I think a lot, it had a lot to do (with who I am). Obviously, no one ever pictures losing their mom that early in life. But I learned a lot from her in the short time in my life that I knew her. I mean, 15 years is a long time. But I don’t know, it made me grow up a lot quicker. I try and still try to spin it in a way where it’s a positive thing. I think it’s brought my sister, my dad, and I a lot closer than we were. Not saying we weren’t close, but we became a lot tighter. Especially my sister (Meloria Hoskins). My sister and I – I don’t know if you have siblings…

I do.

     … when you’re younger you don’t get along.

Nope. And now we’re texting each other all the time.

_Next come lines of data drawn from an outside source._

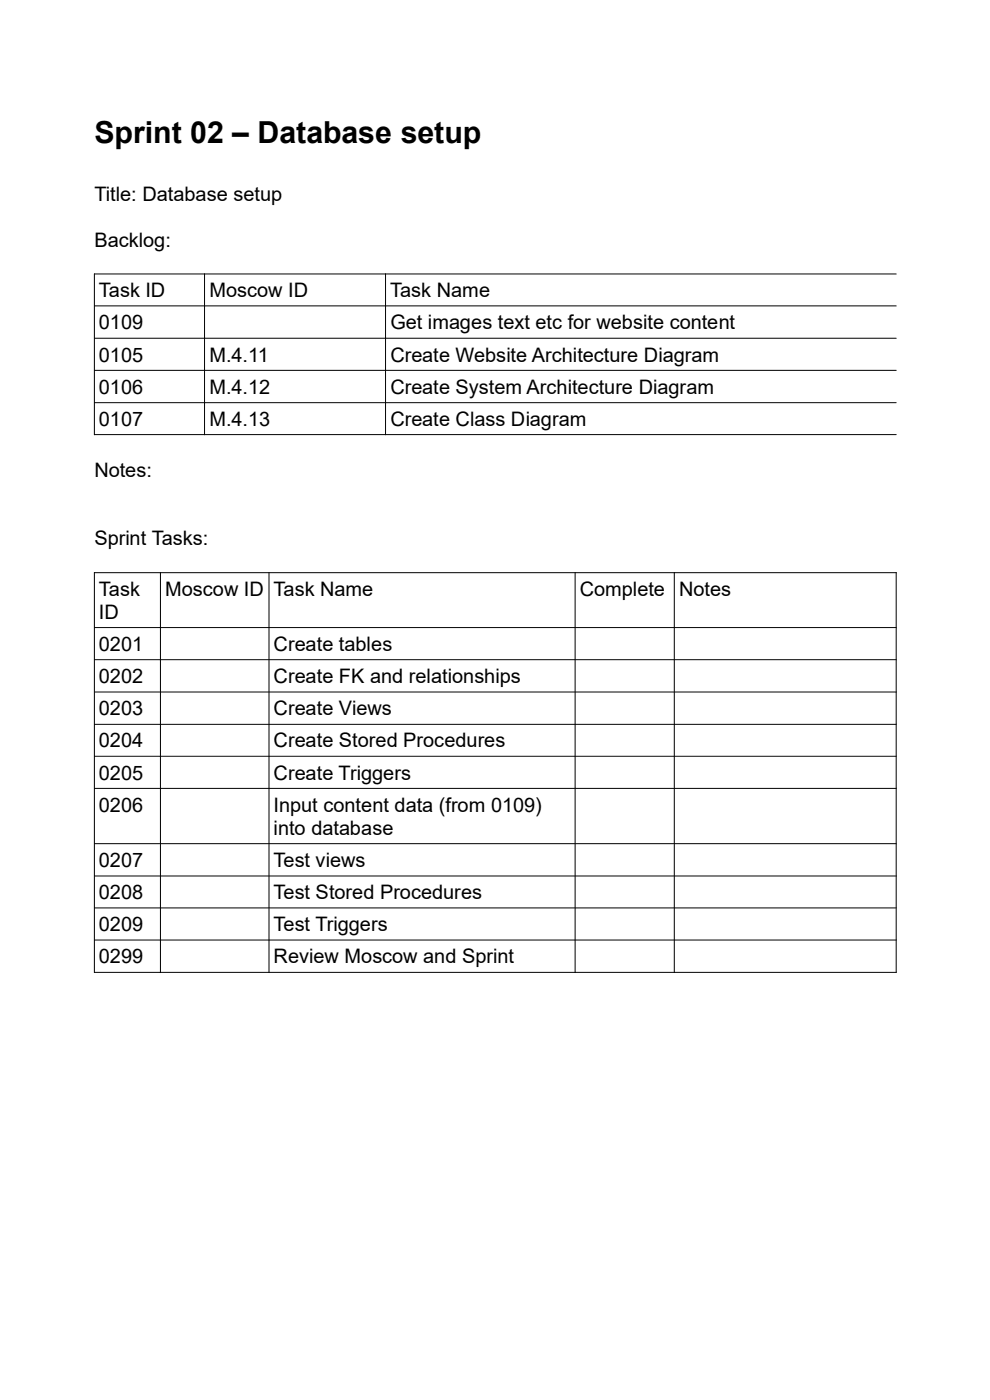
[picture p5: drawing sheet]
<svg xmlns="http://www.w3.org/2000/svg" width="210mm" height="297mm" viewBox="0 0 210 297" stroke-linecap="round" stroke-linejoin="round" font-family="sans-serif">
<defs><g id="words">
<text font-size="6.4" x="20" y="30.3">Sprint 02 – Database setup</text>
<g font-size="4.2">
<text x="20" y="42.6">Title: Database setup</text>
<text x="20" y="52.3">Backlog:</text>
<text x="21" y="63">Task ID</text>
<text x="44.4" y="63">Moscow ID</text>
<text x="82.8" y="63">Task Name</text>
<text x="21" y="69.9">0109</text>
<text x="82.8" y="69.9">Get images text etc for website content</text>
<text x="21" y="76.7">0105</text>
<text x="44.4" y="76.7">M.4.11</text>
<text x="82.8" y="76.7">Create Website Architecture Diagram</text>
<text x="21" y="83.5">0106</text>
<text x="44.4" y="83.5">M.4.12</text>
<text x="82.8" y="83.5">Create System Architecture Diagram</text>
<text x="21" y="90.3">0107</text>
<text x="44.4" y="90.3">M.4.13</text>
<text x="82.8" y="90.3">Create Class Diagram</text>
<text x="20" y="101.1">Notes:</text>
<text x="20" y="115.7">Sprint Tasks:</text>
<text x="21" y="126.4">Task</text>
<text x="21" y="131.3">ID</text>
<text x="35.1" y="126.4">Moscow ID Task Name</text>
<text x="123" y="126.4">Complete</text>
<text x="144" y="126.4">Notes</text>
<text x="21" y="138.1">0201</text>
<text x="58.1" y="138.1">Create tables</text>
<text x="21" y="144.9">0202</text>
<text x="58.1" y="144.9">Create FK and relationships</text>
<text x="21" y="151.8">0203</text>
<text x="58.1" y="151.8">Create Views</text>
<text x="21" y="158.6">0204</text>
<text x="58.1" y="158.6">Create Stored Procedures</text>
<text x="21" y="165.4">0205</text>
<text x="58.1" y="165.4">Create Triggers</text>
<text x="21" y="172.2">0206</text>
<text x="58.1" y="172.2">Input content data (from 0109)</text>
<text x="58" y="177.1">into database</text>
<text x="21" y="183.9">0207</text>
<text x="58.1" y="183.9">Test views</text>
<text x="21" y="190.8">0208</text>
<text x="58.1" y="190.8">Test Stored Procedures</text>
<text x="21" y="197.6">0209</text>
<text x="58.1" y="197.6">Test Triggers</text>
<text x="21" y="204.4">0299</text>
<text x="58.1" y="204.4">Review Moscow and Sprint</text>
</g>
</g></defs>
<g fill="none" stroke="#000" stroke-width=".21">
<path d="M20 58.1h170.1M20 58.1v34.1h170.1M43.4 58.1v34.1M81.8 58.1v34.1M20 64.9h170.1M20 71.8h170.1M20 78.6h170.1M20 85.4h170.1M20 121.5v84.8M20 121.5h170.1M20 133.1h170.1M20 140h170.1"/>
<path d="M34 121.5v84.8M57.1 121.5v84.8M122 121.5v84.8M143 121.5v84.8M190.1 121.5v84.8M20 146.8h170.1M20 153.7h170.1M20 160.4h170.1M20 167.3h170.1M20 179h170.1M20 185.8h170.1M20 192.6h170.1"/>
<path d="M20 199.4h170.1M20 206.3h170.1"/>
</g>
<use href="#words"/>
</svg>

     Exactly. I think we talk every day, if not multiple times a day. And it kind of started with that.

Is she older or younger?

     She’s younger. She’s 21, just turned 21 in May. She goes to school at U-C San Diego.

Is she an athlete, too?

     Not in college. Growing up she played soccer, swam, played volleyball.

You weren’t drafted out of high school, right?

     I was not.

That’s a little weird, right?

     I played football and basketball, too, so I wasn’t doing a lot of the summer (baseball ) stuff. And I didn’t have a really good senior year.


It worked out.

     I’m happy with where I am right now.

Did your dad play baseball?

     He didn’t. He played football in high school, went to Cal as a student and became a lawyer. My grandpa (Ray Reynolds) played his whole life. My dad introduced me to the game but I think being around my grandpa kind of watered the seed.

The name Rhys. My cousin has a son named Rhys, I remember when you were drafted, telling him the Phillies were going to have a “Rhys” in the farm system. Any history with the name, since it's not all that common?

     My dad’s college roommate and now probably his best friend, that’s his name. I guess it stuck with him. I call him “Big Rhys.”